Brazil’s Sistema Único de Saúde (SUS) is funded through a tripartite structure shared by municipalities, states, and the federal government, under a web of oversight that follows public money across these different levels of government and even across branches. Spending is audited by the Courts of Accounts at the federal, state, and municipal levels, each responsible for reviewing expenditures within its own jurisdiction, and by the Office of the Comptroller General at the federal level.
Each level of that tripartite structure has a constitutionally required minimum investment in health. Municipalities (including the Federal District) must apply at least 15% of their tax revenue to public health actions and services, while states must apply at least 12%. At the federal level, rules changed with a 2015 constitutional amendment that tied minimum spending to Net Current Revenue (RCL), reaching 15% through transition mechanisms. In practice, the federal government is usually the main funder, but the system only works because the other two levels also invest consistently and keep local services operating.
Most federal resources flow from the Ministry of Health through the National Health Fund (FNS) and are then transferred to state and municipal health funds. That structure is not just a technical detail; it is what makes SUS decentralized in real life. It allows municipalities and states to keep UBS clinics open, pay health workers, maintain basic services, and purchase supplies according to local needs. The federal government still concentrates direct purchasing in areas where scale matters, such as vaccines, which are the classic example, through the National Immunization Program, and some high-cost medicines where centralized negotiation can reduce prices. Even so, implementation is largely local: states and municipalities translate national policy into actual service delivery, sometimes using contracted providers depending on the service and the local network.
On the spending side, SUS makes the most sense when you see it as a “complexity pyramid.” At the top, medium, and high-complexity care (MAC) includes hospitals, surgeries, dialysis, intensive care, cancer treatment, and advanced diagnostics. These services tend to absorb the largest share of federal health spending, often around half or more, because unit costs are high. One day, in an ICU, one round of chemotherapy, or a major surgery costs far more than dozens or even hundreds of basic consultations. This is also why MAC spending is usually concentrated in large urban centers and state-level hospital networks, where the infrastructure and specialized staff exist.
At the base of the pyramid is primary care, which includes UBS units, Family Health Strategy teams, community vaccination, and preventive services. Primary care typically takes a smaller portion of the total budget, often in the 15% to 20% range, but it has a strategic role.
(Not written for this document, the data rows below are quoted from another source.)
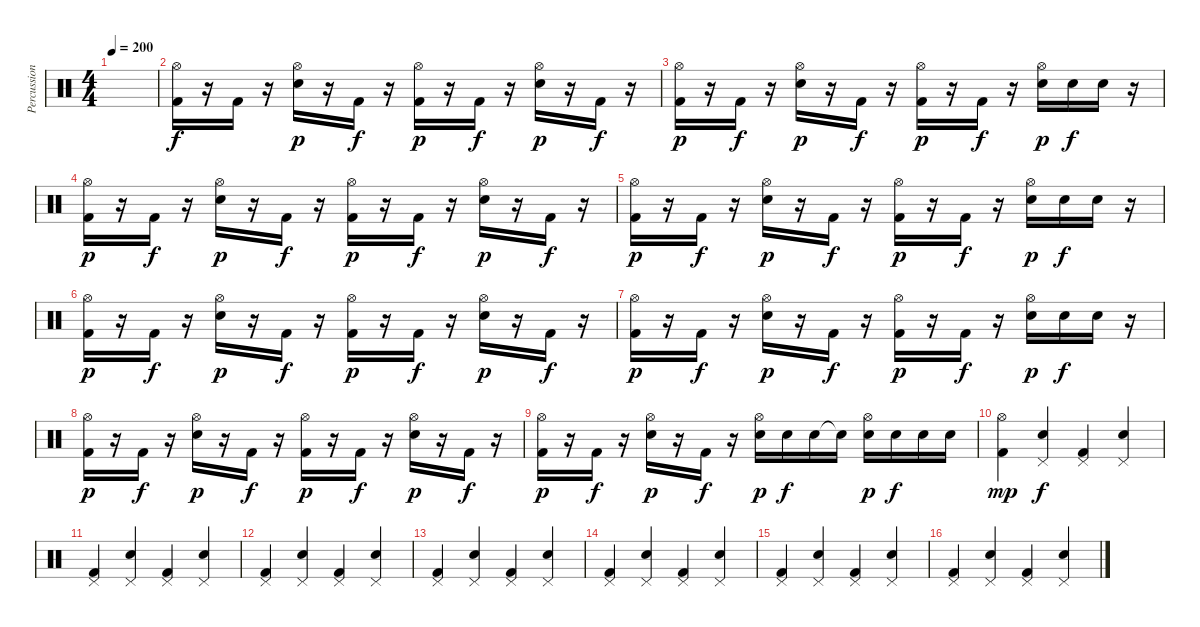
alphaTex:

\track ("Percussion" "Percussion") {instrument percussion}
\staff {score}
\articulation defaults
\ts (4 4)
\tempo 200
\clef neutral
\ks c
|
("Kick (hit) 2" "Hi-Hat (open)").16{volume 13} r.16 "Kick (hit) 2".16{dy f} r.16 ("Electric Snare (hit)" "Hi-Hat (open)").16{dy p} r.16 "Kick (hit) 2".16{dy f} r.16 ("Kick (hit) 2" "Hi-Hat (open)").16{dy p} r.16 "Kick (hit) 2".16{dy f} r.16 ("Electric Snare (hit)" "Hi-Hat (open)").16{dy p} r.16 "Kick (hit) 2".16{dy f} r.16 |
("Kick (hit) 2" "Hi-Hat (open)").16{dy p} r.16 "Kick (hit) 2".16{dy f} r.16 ("Electric Snare (hit)" "Hi-Hat (open)").16{dy p} r.16 "Kick (hit) 2".16{dy f} r.16 ("Kick (hit) 2" "Hi-Hat (open)").16{dy p} r.16 "Kick (hit) 2".16{dy f} r.16 ("Electric Snare (hit)" "Hi-Hat (open)").16{dy p} "Electric Snare (hit)".16{dy f} "Electric Snare (hit)".16 r.16 |
("Kick (hit) 2" "Hi-Hat (open)").16{dy p} r.16 "Kick (hit) 2".16{dy f} r.16 ("Electric Snare (hit)" "Hi-Hat (open)").16{dy p} r.16 "Kick (hit) 2".16{dy f} r.16 ("Kick (hit) 2" "Hi-Hat (open)").16{dy p} r.16 "Kick (hit) 2".16{dy f} r.16 ("Electric Snare (hit)" "Hi-Hat (open)").16{dy p} r.16 "Kick (hit) 2".16{dy f} r.16 |
("Kick (hit) 2" "Hi-Hat (open)").16{dy p} r.16 "Kick (hit) 2".16{dy f} r.16 ("Electric Snare (hit)" "Hi-Hat (open)").16{dy p} r.16 "Kick (hit) 2".16{dy f} r.16 ("Kick (hit) 2" "Hi-Hat (open)").16{dy p} r.16 "Kick (hit) 2".16{dy f} r.16 ("Electric Snare (hit)" "Hi-Hat (open)").16{dy p} "Electric Snare (hit)".16{dy f} "Electric Snare (hit)".16 r.16 |
("Kick (hit) 2" "Hi-Hat (open)").16{dy p} r.16 "Kick (hit) 2".16{dy f} r.16 ("Electric Snare (hit)" "Hi-Hat (open)").16{dy p} r.16 "Kick (hit) 2".16{dy f} r.16 ("Kick (hit) 2" "Hi-Hat (open)").16{dy p} r.16 "Kick (hit) 2".16{dy f} r.16 ("Electric Snare (hit)" "Hi-Hat (open)").16{dy p} r.16 "Kick (hit) 2".16{dy f} r.16 |
("Kick (hit) 2" "Hi-Hat (open)").16{dy p} r.16 "Kick (hit) 2".16{dy f} r.16 ("Electric Snare (hit)" "Hi-Hat (open)").16{dy p} r.16 "Kick (hit) 2".16{dy f} r.16 ("Kick (hit) 2" "Hi-Hat (open)").16{dy p} r.16 "Kick (hit) 2".16{dy f} r.16 ("Electric Snare (hit)" "Hi-Hat (open)").16{dy p} "Electric Snare (hit)".16{dy f} "Electric Snare (hit)".16 r.16 |
("Kick (hit) 2" "Hi-Hat (open)").16{dy p} r.16 "Kick (hit) 2".16{dy f} r.16 ("Electric Snare (hit)" "Hi-Hat (open)").16{dy p} r.16 "Kick (hit) 2".16{dy f} r.16 ("Kick (hit) 2" "Hi-Hat (open)").16{dy p} r.16 "Kick (hit) 2".16{dy f} r.16 ("Electric Snare (hit)" "Hi-Hat (open)").16{dy p} r.16 "Kick (hit) 2".16{dy f} r.16 |
("Kick (hit) 2" "Hi-Hat (open)").16{dy p} r.16 "Kick (hit) 2".16{dy f} r.16 ("Electric Snare (hit)" "Hi-Hat (open)").16{dy p} r.16 "Kick (hit) 2".16{dy f} r.16 ("Electric Snare (hit)" "Hi-Hat (open)").16{dy p} "Electric Snare (hit)".16{dy f} "Electric Snare (hit)".16 "Electric Snare (hit)"{t}.16 ("Electric Snare (hit)" "Hi-Hat (open)").16{dy p} "Electric Snare (hit)".16{dy f} "Electric Snare (hit)".16 "Electric Snare (hit)".16 |
("Kick (hit) 2" "Hi-Hat (open)").4{dy mp} ("Electric Snare (hit)" "Pedal Hi-Hat (hit)").4{dy f} ("Kick (hit) 2" "Pedal Hi-Hat (hit)").4 ("Electric Snare (hit)" "Pedal Hi-Hat (hit)").4 |
("Kick (hit) 2" "Pedal Hi-Hat (hit)").4 ("Electric Snare (hit)" "Pedal Hi-Hat (hit)").4 ("Kick (hit) 2" "Pedal Hi-Hat (hit)").4 ("Electric Snare (hit)" "Pedal Hi-Hat (hit)").4 |
("Kick (hit) 2" "Pedal Hi-Hat (hit)").4 ("Electric Snare (hit)" "Pedal Hi-Hat (hit)").4 ("Kick (hit) 2" "Pedal Hi-Hat (hit)").4 ("Electric Snare (hit)" "Pedal Hi-Hat (hit)").4 |
("Kick (hit) 2" "Pedal Hi-Hat (hit)").4 ("Electric Snare (hit)" "Pedal Hi-Hat (hit)").4 ("Kick (hit) 2" "Pedal Hi-Hat (hit)").4 ("Electric Snare (hit)" "Pedal Hi-Hat (hit)").4 |
("Kick (hit) 2" "Pedal Hi-Hat (hit)").4 ("Electric Snare (hit)" "Pedal Hi-Hat (hit)").4 ("Kick (hit) 2" "Pedal Hi-Hat (hit)").4 ("Electric Snare (hit)" "Pedal Hi-Hat (hit)").4 |
("Kick (hit) 2" "Pedal Hi-Hat (hit)").4 ("Electric Snare (hit)" "Pedal Hi-Hat (hit)").4 ("Kick (hit) 2" "Pedal Hi-Hat (hit)").4 ("Electric Snare (hit)" "Pedal Hi-Hat (hit)").4 |
("Kick (hit) 2" "Pedal Hi-Hat (hit)").4 ("Electric Snare (hit)" "Pedal Hi-Hat (hit)").4 ("Kick (hit) 2" "Pedal Hi-Hat (hit)").4 ("Electric Snare (hit)" "Pedal Hi-Hat (hit)").4

Strengthening primary care is one of the main ways SUS tries to reduce avoidable hospitalizations and prevent chronic conditions from escalating into expensive emergencies. In recent years, federal transfers to primary care have grown, reflecting this push toward prevention and continuity of care rather than relying on hospitals as the default entry point.
A third area that deserves its own spotlight is pharmaceutical assistance. Medication spending is often described in three layers: basic medicines for common chronic diseases that are distributed through UBS; strategic drugs linked to national programs for conditions such as HIV/AIDS and tuberculosis, which are frequently purchased centrally; and specialized high-cost medications, including biologics and treatments for rare diseases. This last category is especially sensitive because it can expand quickly, and it is also where health litigation often shapes what gets purchased and for whom, sometimes forcing the system to fund therapies outside routine planning.
Instead of seeing SUS as controlled by a single authority, it is more accurate to say it is coordinated through shared rules and negotiated responsibilities across levels of government. Federal guidelines, financing parameters, and national programs create a common direction, but states and municipalities make the system real through local planning, management, and service delivery. This is also why SUS can be both impressive and uneven: it is universal in design but dependent on local capacity in execution.